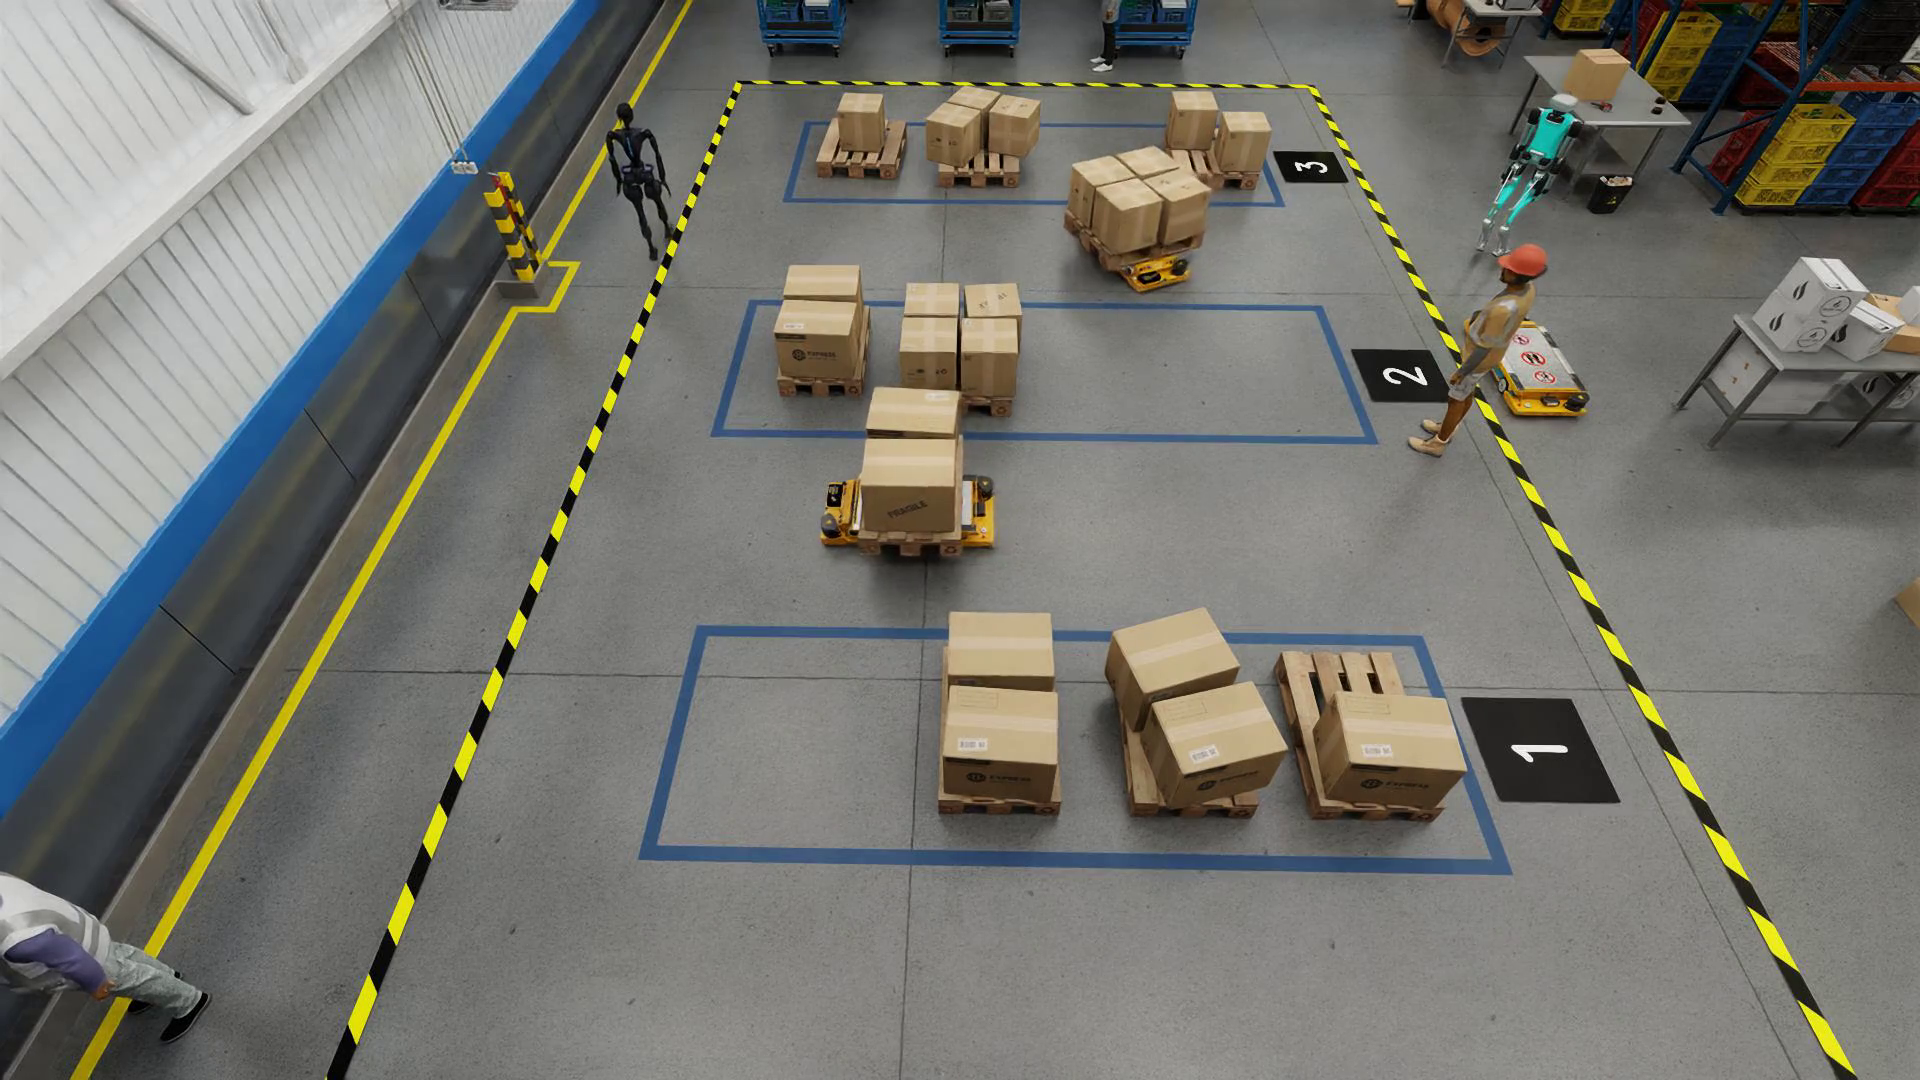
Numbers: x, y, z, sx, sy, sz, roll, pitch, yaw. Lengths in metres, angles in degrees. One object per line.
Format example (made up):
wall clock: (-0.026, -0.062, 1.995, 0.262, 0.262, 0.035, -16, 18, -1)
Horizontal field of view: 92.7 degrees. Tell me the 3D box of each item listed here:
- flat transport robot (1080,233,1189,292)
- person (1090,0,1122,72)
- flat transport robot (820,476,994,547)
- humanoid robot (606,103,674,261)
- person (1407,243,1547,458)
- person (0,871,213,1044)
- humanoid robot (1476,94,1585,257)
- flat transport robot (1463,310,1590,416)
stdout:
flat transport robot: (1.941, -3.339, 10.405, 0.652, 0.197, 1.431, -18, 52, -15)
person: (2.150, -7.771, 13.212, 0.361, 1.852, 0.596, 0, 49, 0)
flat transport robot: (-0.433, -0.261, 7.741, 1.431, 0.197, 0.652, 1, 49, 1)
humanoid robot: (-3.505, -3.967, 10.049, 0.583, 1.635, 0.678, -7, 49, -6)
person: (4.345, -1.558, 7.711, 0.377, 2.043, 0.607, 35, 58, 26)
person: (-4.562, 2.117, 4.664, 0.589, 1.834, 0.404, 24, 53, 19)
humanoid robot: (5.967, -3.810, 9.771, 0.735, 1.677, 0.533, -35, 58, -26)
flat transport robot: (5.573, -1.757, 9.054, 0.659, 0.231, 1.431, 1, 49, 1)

Prompt. Repeat each of the entries above exactly, but do not carry over the pictures.

Answer section.
Numbers: x, y, z, sx, sy, sz, roll, pitch, yaw. Lengths in metres, angles in degrees. One object per line.
Format example (made up):
wall clock: (-0.026, -0.062, 1.995, 0.262, 0.262, 0.035, -16, 18, -1)
Horizontal field of view: 92.7 degrees. Tell me the 3D box of each item listed here:
- flat transport robot (1080,233,1189,292)
- person (1090,0,1122,72)
- flat transport robot (820,476,994,547)
- humanoid robot (606,103,674,261)
- person (1407,243,1547,458)
- person (0,871,213,1044)
- humanoid robot (1476,94,1585,257)
- flat transport robot (1463,310,1590,416)
stdout:
flat transport robot: (1.941, -3.339, 10.405, 0.652, 0.197, 1.431, -18, 52, -15)
person: (2.150, -7.771, 13.212, 0.361, 1.852, 0.596, 0, 49, 0)
flat transport robot: (-0.433, -0.261, 7.741, 1.431, 0.197, 0.652, 1, 49, 1)
humanoid robot: (-3.505, -3.967, 10.049, 0.583, 1.635, 0.678, -7, 49, -6)
person: (4.345, -1.558, 7.711, 0.377, 2.043, 0.607, 35, 58, 26)
person: (-4.562, 2.117, 4.664, 0.589, 1.834, 0.404, 24, 53, 19)
humanoid robot: (5.967, -3.810, 9.771, 0.735, 1.677, 0.533, -35, 58, -26)
flat transport robot: (5.573, -1.757, 9.054, 0.659, 0.231, 1.431, 1, 49, 1)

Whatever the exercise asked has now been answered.